[What you have to do]:
Copy the records below exactly, omitting any pictures they contain.

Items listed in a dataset
_ _ _ _

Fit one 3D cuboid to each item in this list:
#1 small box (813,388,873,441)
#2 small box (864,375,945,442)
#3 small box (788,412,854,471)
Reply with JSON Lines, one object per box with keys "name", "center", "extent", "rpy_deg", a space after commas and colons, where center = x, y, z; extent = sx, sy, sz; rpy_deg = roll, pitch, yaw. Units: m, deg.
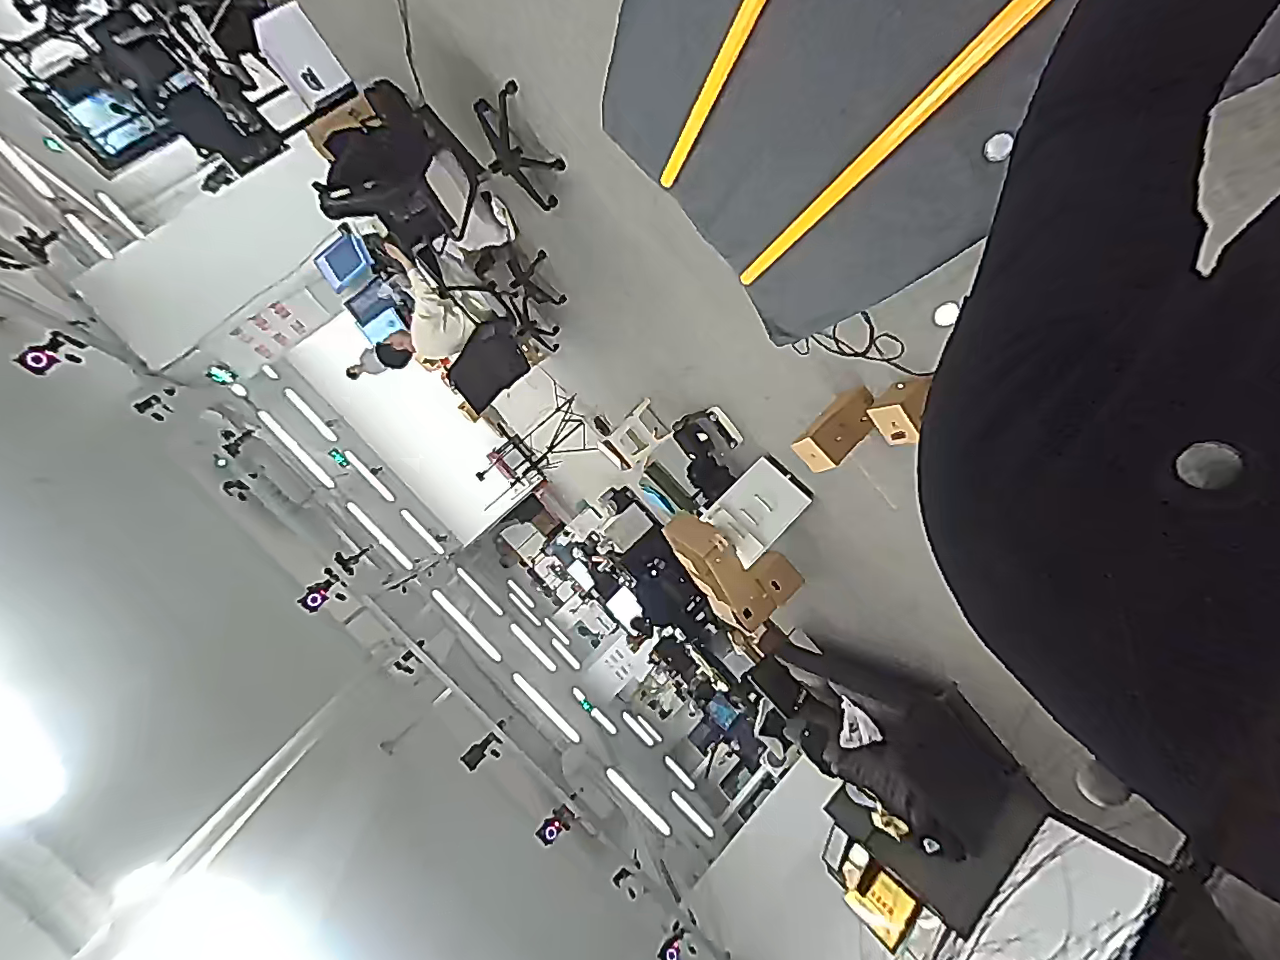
{"name": "small box", "center": [0.880, -0.269, 2.306], "extent": [0.168, 0.176, 0.179], "rpy_deg": [47, 167, -4]}
{"name": "small box", "center": [0.986, -0.262, 2.007], "extent": [0.179, 0.176, 0.168], "rpy_deg": [50, 166, -12]}
{"name": "small box", "center": [0.763, -0.163, 2.260], "extent": [0.168, 0.176, 0.179], "rpy_deg": [47, 167, -2]}

_ _ _ _

[Task output]:
Fit one 3D cuboid to each item in this list:
#1 small box (813,388,873,441)
#2 small box (864,375,945,442)
#3 small box (788,412,854,471)
Reply with JSON Lines, one object per box with keys "name", "center", "extent", "rpy_deg", a space after commas and colons, where center = x, y, z; extent = sx, sy, sz; rpy_deg = roll, pitch, yaw. Units: m, deg.
{"name": "small box", "center": [0.880, -0.269, 2.306], "extent": [0.168, 0.176, 0.179], "rpy_deg": [47, 167, -4]}
{"name": "small box", "center": [0.986, -0.262, 2.007], "extent": [0.179, 0.176, 0.168], "rpy_deg": [50, 166, -12]}
{"name": "small box", "center": [0.763, -0.163, 2.260], "extent": [0.168, 0.176, 0.179], "rpy_deg": [47, 167, -2]}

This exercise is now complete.